Each record below should be returned exactly, with its pictures left out.

[SOURCE RECORDS — start]

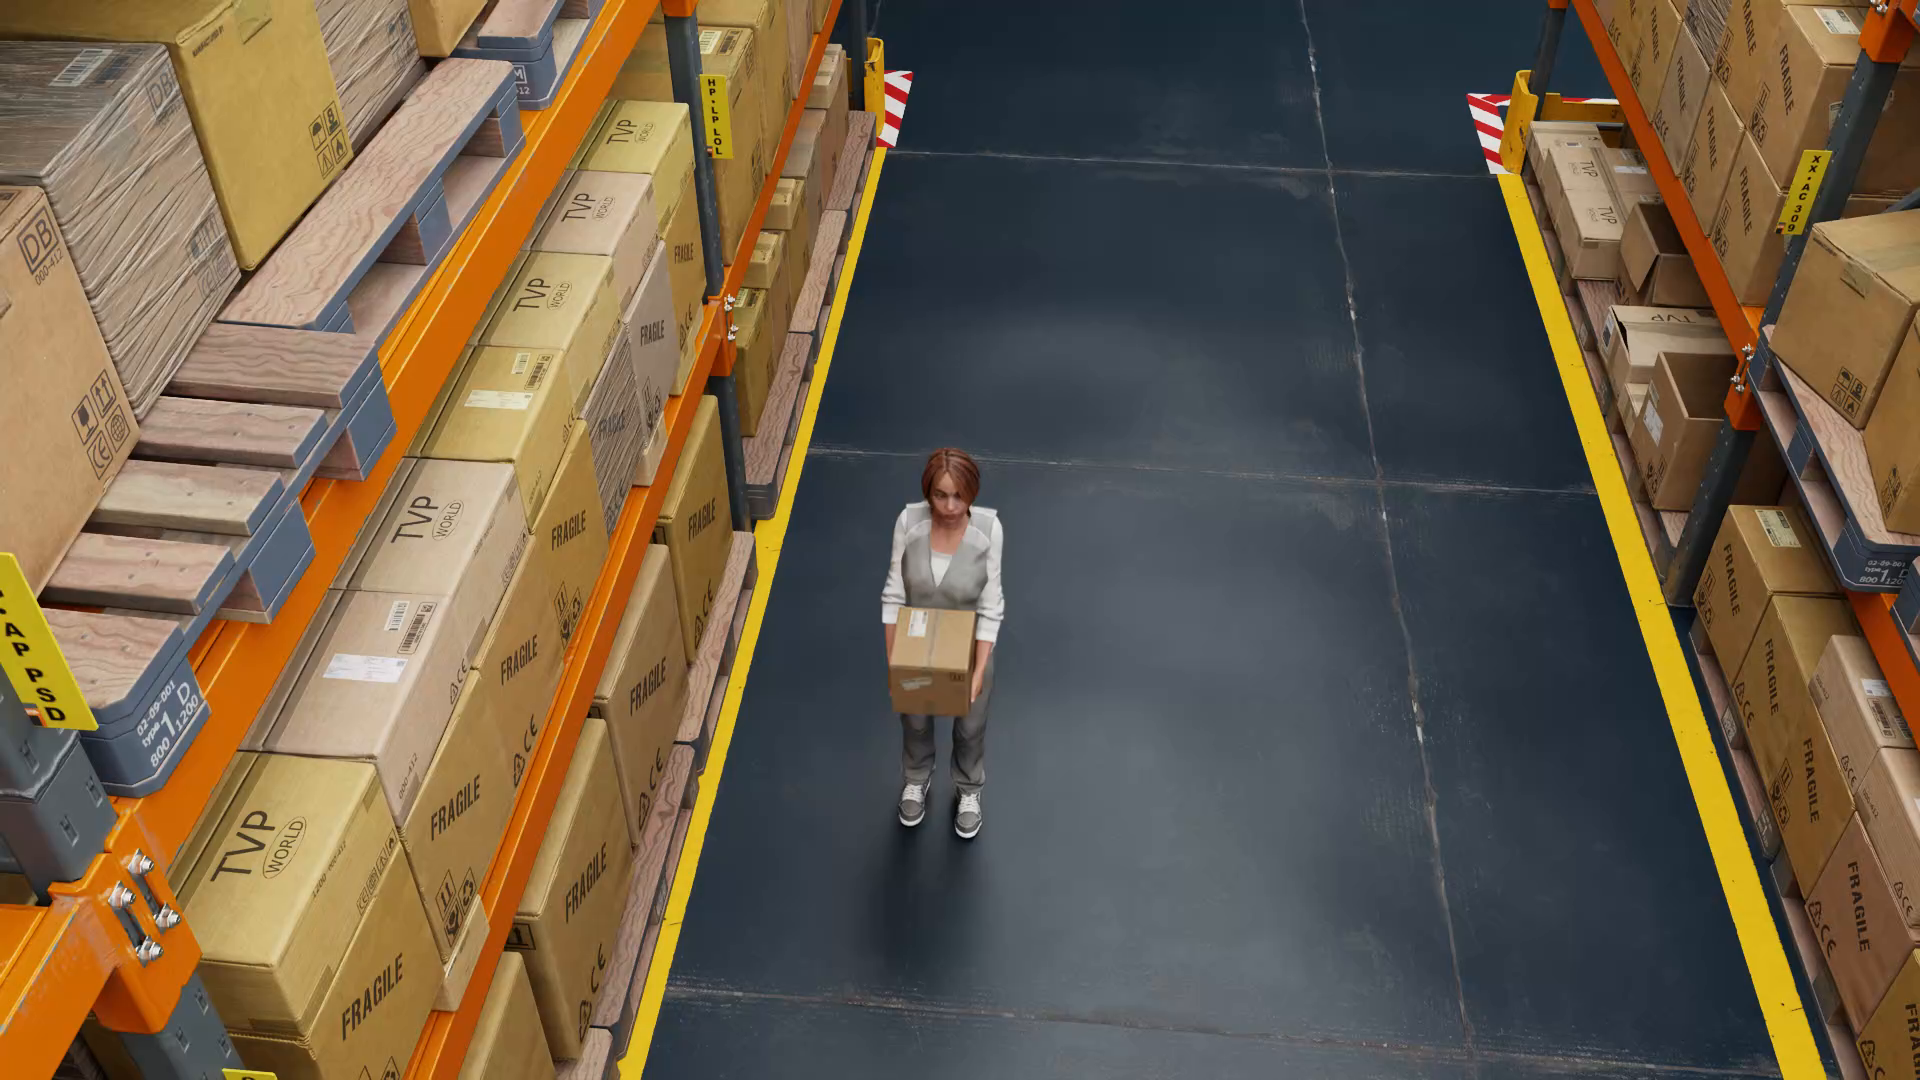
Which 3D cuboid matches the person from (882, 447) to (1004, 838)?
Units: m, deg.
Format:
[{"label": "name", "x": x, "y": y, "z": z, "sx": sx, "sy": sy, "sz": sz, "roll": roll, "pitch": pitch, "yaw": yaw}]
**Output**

[SOURCE RECORDS — finish]

• **RESPONSE TO THIS EXERCISE**:
Which 3D cuboid matches the person from (882, 447) to (1004, 838)?
Units: m, deg.
Format:
[{"label": "name", "x": x, "y": y, "z": z, "sx": sx, "sy": sy, "sz": sz, "roll": roll, "pitch": pitch, "yaw": yaw}]
**Output**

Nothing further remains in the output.